With the aim of building awareness leading up to the Tokyo 2020 Paralympics, seven Year 3 Students across four NUS faculties – NUS Business School, Faculty of Science, Faculty of Computing and Faculty of Engineering, partnered with Singapore Disability Sports Council (SDSC) to introduce Boccia, a Paralympics sport, to young children and elderly with disabilities.  

More importantly, through the use of Boccia, Wong Si Min Levyn, Kenneth Koh Tze Kuan, Felicia Tay Pei Yi, Yee Woon Hao Gerald, S Sonia, Zhang Manman and Zhou Yunong sought to promote the social inclusion of PWDs by bringing sports to the community and making it more accessible as part of their Seed of Good Programme (SOGP) project.

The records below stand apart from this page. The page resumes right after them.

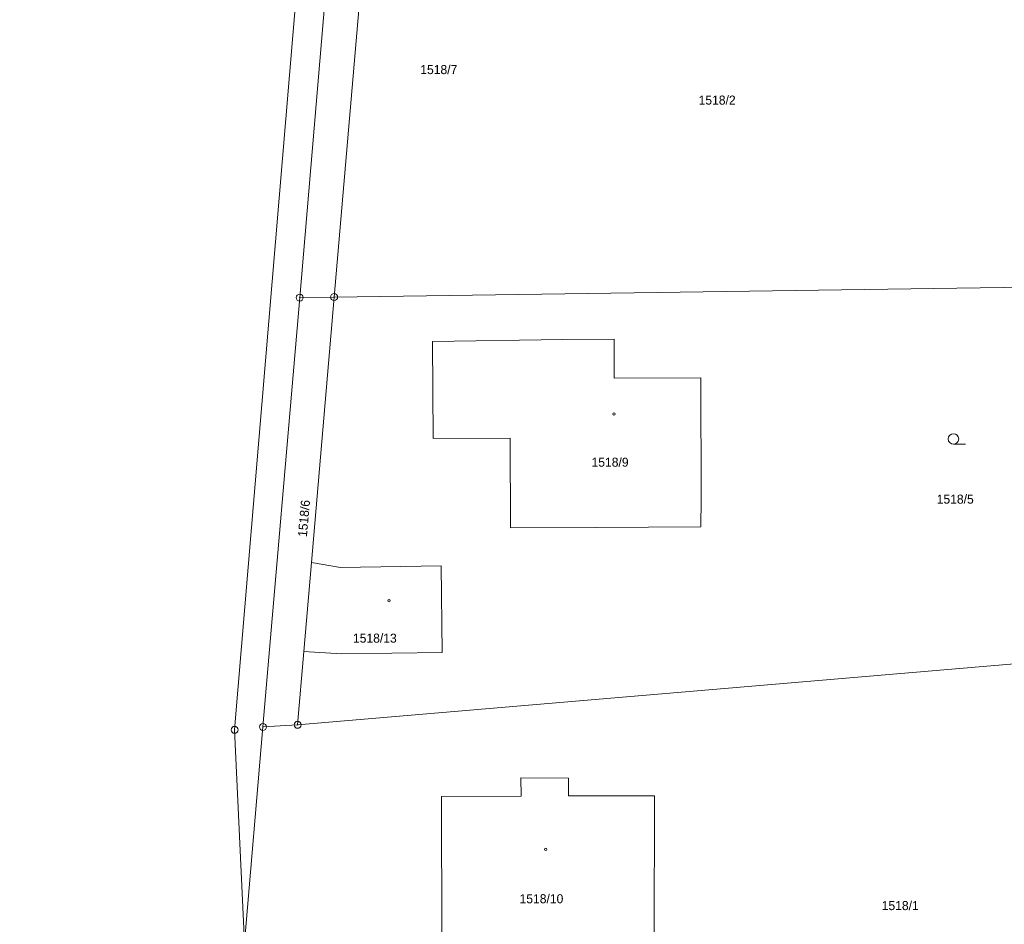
# Model space of a CAD drawing. Header units: metres. Extents: x -457056 to -456407, y -1113260 to -1112665.
# Tile 7 of 16: x -456812 to -456741, y -1113142 to -1113077. Entities that reach past the tile are written whole.
import ezdxf
from ezdxf.enums import TextEntityAlignment as Align

# ---------------------------------------------------------------- set-up
doc = ezdxf.new("R2010")
doc.units = ezdxf.units.M
for name, color, linetype, lineweight in [('KM_doplnkovy_popis', 7, 'Continuous', 0), ('KM_Parcelni_cislo', 7, 'Continuous', 0), ('KM_Plochy_katastr', 7, 'Continuous', 0), ('KM_Vlastnicka_hranice', 7, 'Continuous', 0)]:
    doc.layers.add(name, color=color, linetype=linetype, lineweight=lineweight)
doc.styles.add('Style-cs_Working', font='cs_Working.shx')

# ---------------------------------------------------------------- blocks, each defined once
blk = doc.blocks.new('4.02')
at = {"layer": 'KM_Plochy_katastr', "color": 251, "linetype": 'Continuous', "lineweight": 0}
blk.add_circle((-0.01, 0), 0.175, dxfattribs=at)
blk = doc.blocks.new('3.04')
at = {"layer": 'KM_Plochy_katastr', "color": 251, "linetype": 'Continuous', "lineweight": 0}
blk.add_line((0.01, 0), (1.76, 0), dxfattribs=at)
blk.add_circle((0.01, 0.75), 0.75, dxfattribs=at)
blk = doc.blocks.new('1.05')
at = {"layer": 'KM_doplnkovy_popis', "color": 251, "linetype": 'Continuous', "lineweight": 0}
for radius in [0.5, 0.0303]:
    blk.add_circle((0, 0), radius, dxfattribs=at)

msp = doc.modelspace()

# ---------------------------------------------------------------- linework, layer by layer
at = {"layer": 'KM_Vlastnicka_hranice', "linetype": 'Continuous'}
for p, q in [((-456791.48, -1113096.69), (-456788.91, -1113066.31)), ((-456786.41, -1113066.27), (-456789.01, -1113096.65)), ((-456789.01, -1113096.65), (-456727.99, -1113095.78)), ((-456794.12, -1113127.47), (-456791.48, -1113096.69)), ((-456789.01, -1113096.65), (-456791.48, -1113096.69)), ((-456789.01, -1113096.65), (-456790.64, -1113115.69)), ((-456791.18, -1113122.07), (-456790.64, -1113115.69)), ((-456726.37, -1113121.77), (-456791.63, -1113127.32)), ((-456791.18, -1113122.07), (-456791.63, -1113127.32)), ((-456794.12, -1113127.47), (-456795.45, -1113142.96)), ((-456791.63, -1113127.32), (-456794.12, -1113127.47))]:
    msp.add_line(p, q, dxfattribs=at)
at = {"layer": 'KM_Vlastnicka_hranice', "linetype": 'Continuous', "flags": 128}
for points in [[(-456795.45, -1113142.96), (-456796.15, -1113127.68), (-456791, -1113066.22), (-456789.12, -1113014.4), (-456793.24, -1112967.73), (-456797.64, -1112965.43), (-456811.57, -1112963.01)], [(-456781.9, -1113106.78), (-456781.96, -1113099.83), (-456772.6, -1113099.69), (-456768.91, -1113099.67), (-456768.91, -1113102.46), (-456762.69, -1113102.45), (-456762.68, -1113111.13), (-456762.69, -1113113.13), (-456770.21, -1113113.17), (-456776.36, -1113113.19), (-456776.38, -1113106.76), (-456781.9, -1113106.78)], [(-456790.64, -1113115.69), (-456788.56, -1113116.03), (-456781.34, -1113115.93), (-456781.26, -1113122.13), (-456788.47, -1113122.23), (-456791.18, -1113122.07)], [(-456780.54, -1113142.75), (-456781.28, -1113142.76), (-456781.31, -1113132.46), (-456775.6, -1113132.44), (-456775.61, -1113131.13), (-456772.2, -1113131.14), (-456772.19, -1113132.42), (-456766.03, -1113132.4), (-456766.04, -1113142.69), (-456775.64, -1113142.73), (-456775.63, -1113145.48), (-456780.52, -1113145.51), (-456780.54, -1113142.75)]]:
    msp.add_lwpolyline(points, dxfattribs=at)

# ---------------------------------------------------------------- block references
at = {"layer": 'KM_doplnkovy_popis', "linetype": 'Continuous', "xscale": 0.5, "yscale": 0.5, "zscale": 0.5}
for p in [(-456791.48, -1113096.69), (-456789.01, -1113096.65), (-456794.12, -1113127.47), (-456791.63, -1113127.32), (-456796.15, -1113127.68)]:
    msp.add_blockref('1.05', p, dxfattribs=at)
at = {"layer": 'KM_Plochy_katastr', "linetype": 'Continuous', "xscale": 0.5, "yscale": 0.5, "zscale": 0.5}
for name, p in [('4.02', (-456768.93, -1113105.03)), ('3.04', (-456744.58, -1113107.2)), ('4.02', (-456785.06, -1113118.42)), ('4.02', (-456773.83, -1113136.25))]:
    msp.add_blockref(name, p, dxfattribs=at)

# ---------------------------------------------------------------- texts
at = {"layer": 'KM_Parcelni_cislo', "linetype": 'Continuous', "style": 'Style-cs_Working'}
msp.add_text('1518/7', height=0.65, dxfattribs=at).set_placement((-456782.83, -1113080.342), align=Align.MIDDLE_LEFT)
for s, p in [('1518/2', (-456762.86, -1113082.855)), ('1518/13', (-456787.66, -1113121.431))]:
    msp.add_text(s, height=0.65, dxfattribs=at).set_placement(p)
for s, p in [('1518/9', (-456769.213, -1113108.815)), ('1518/5', (-456744.448, -1113111.465)), ('1518/10', (-456774.136, -1113140.115)), ('1518/1', (-456748.394, -1113140.605))]:
    msp.add_text(s, height=0.65, dxfattribs=at).set_placement(p, align=Align.CENTER)
msp.add_text('1518/6', height=0.65, rotation=85, dxfattribs=at).set_placement((-456790.966, -1113113.874))

doc.saveas('drawing.dxf')

Boccia is currently practiced in more than 50 countries by players with cerebral palsy or significant physical disability. Played head to head, in pairs or teams of three, each side has six balls (red or blue) and the main aim is to get the balls closest to the target ball, known as a jack. It is a game that requires precision, focus and accuracy where players need a high degree of physical coordination and mental foresight.

Together with SDSC, the team organised Boccia Training Workshops to impart basic Boccia knowledge to staffs from Senior Activity Centres and Early Intervention Centres. The staffs will then bring the knowledge back to their respective centres and use Boccia to engage young children and elderly with disabilities. The team conducted two workshops earlier in March this year.


NUS Student Kenneth Koh guiding staff through the Boccia Training Workshop

According to the project team, introducing Boccia’s fundamentals to the centres’ staff, was just the tip of the iceberg to making sports more accessible to the community. Beyond enabling the community to enjoy Boccia as a game, the project team’s vision is that their initiative enhances the community’s quality of life through better physical and mental wellbeing derived from engaging with the sport

A particularly memorable moment was having the privilege to interact with the Singapore boccia athletes during one of the training sessions. The athletes shared their personal journeys on how they were introduced to the sport and the various challenges and obstacles they had to overcome to do what they love and compete for the nation. Staying optimistic despite all they had been through, Kenneth (Year 3, Faculty of Computing) expressed “a huge amount of respect for showing us the true definition of strength and mental resolve for fighting on so hard”.

It was also uplifting for the team to know that ActiveSG has committed to upgrading facilities and providing training to sports centre staff to make sports facilities more accessible.  Subsequently, SDSC hopes to organise a Boccia Championship with a community category for recreational players, allowing more PWDs to participate in competitions.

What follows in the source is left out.